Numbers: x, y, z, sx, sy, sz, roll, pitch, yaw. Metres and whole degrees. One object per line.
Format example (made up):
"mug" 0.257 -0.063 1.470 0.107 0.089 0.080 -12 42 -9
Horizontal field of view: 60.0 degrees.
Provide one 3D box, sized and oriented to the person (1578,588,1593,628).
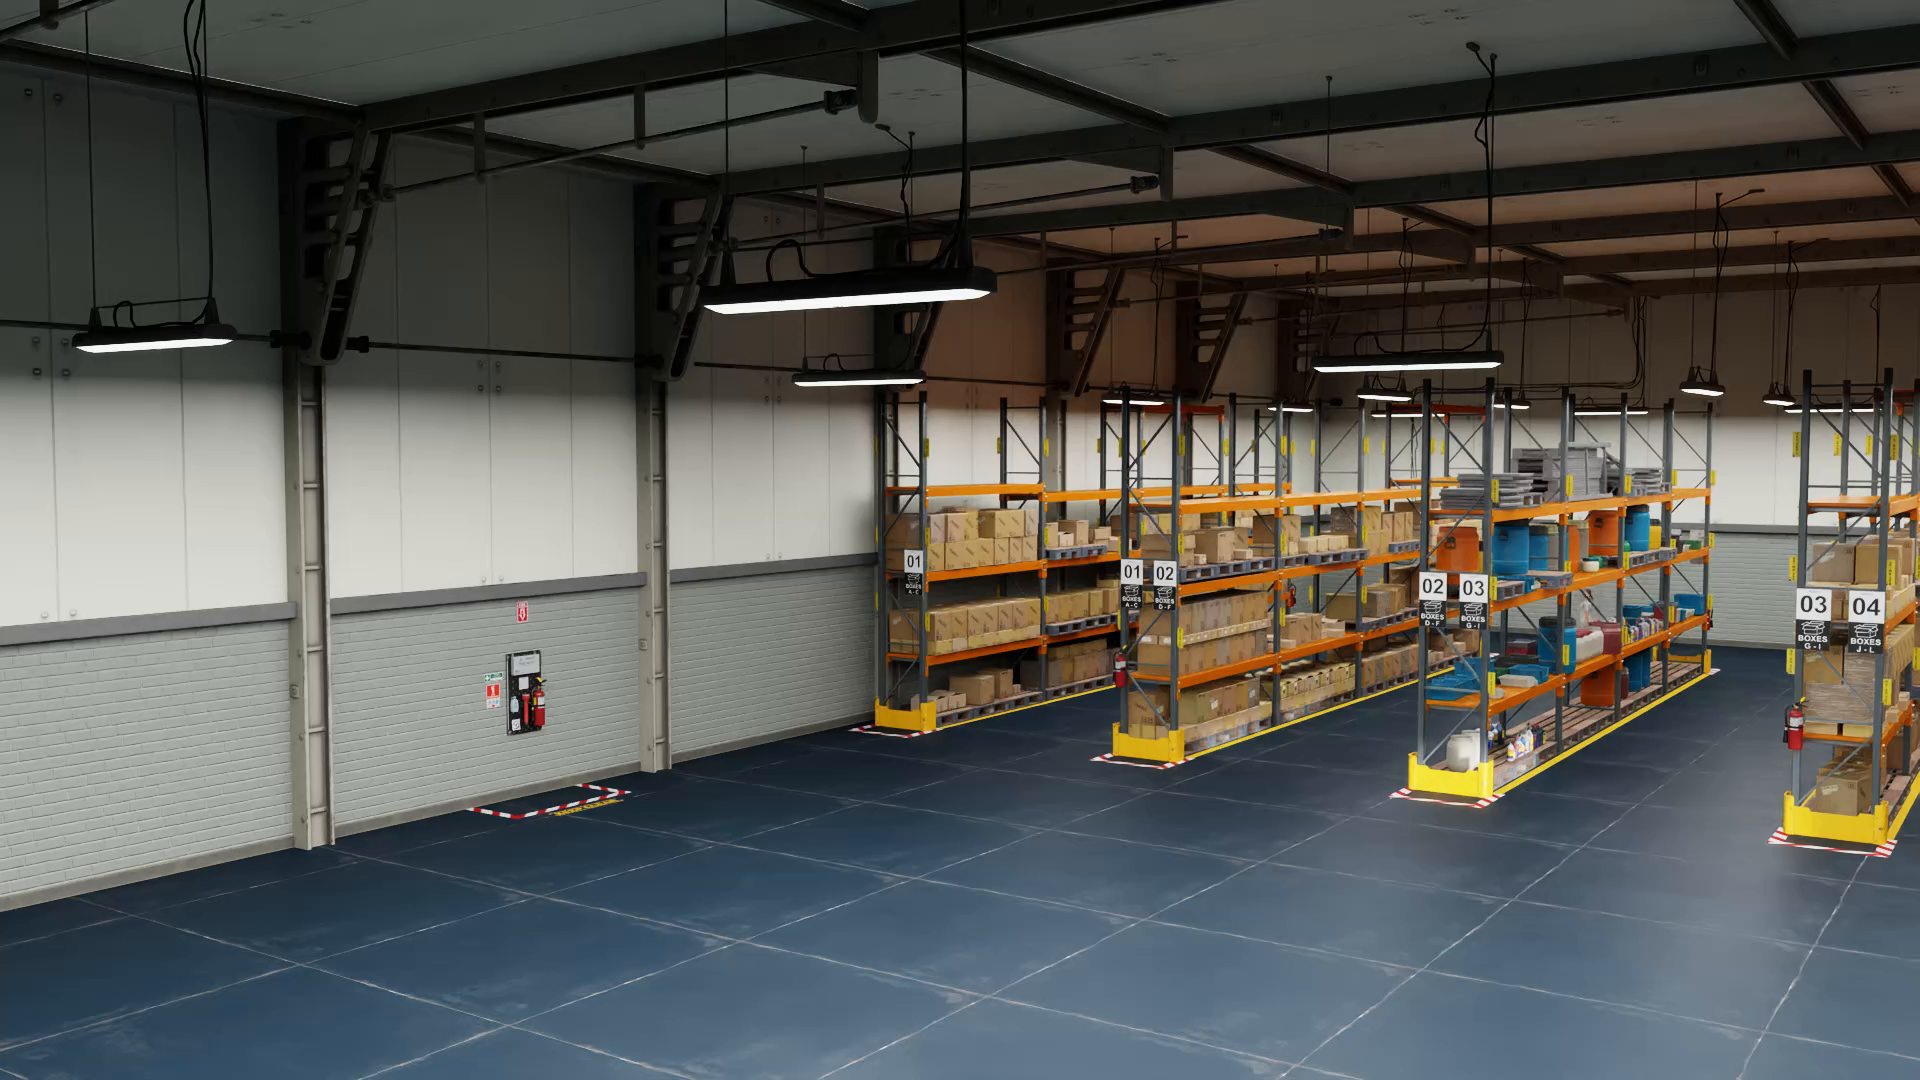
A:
"person" 14.884 1.970 39.433 0.663 1.654 0.443 2 4 34

**********

- **Exercise goal**: Your response should reproduce the entire listing verbatim, minus the pictures.

- **Task answer**:
Numbers: x, y, z, sx, sy, sz, roll, pitch, yaw. Metres and whole degrees. One object per line.
Format example (made up):
"mug" 0.257 -0.063 1.470 0.107 0.089 0.080 -12 42 -9
Horizontal field of view: 60.0 degrees.
Provide one 3D box, sized and oriented to the person (1578,588,1593,628).
A:
"person" 14.884 1.970 39.433 0.663 1.654 0.443 2 4 34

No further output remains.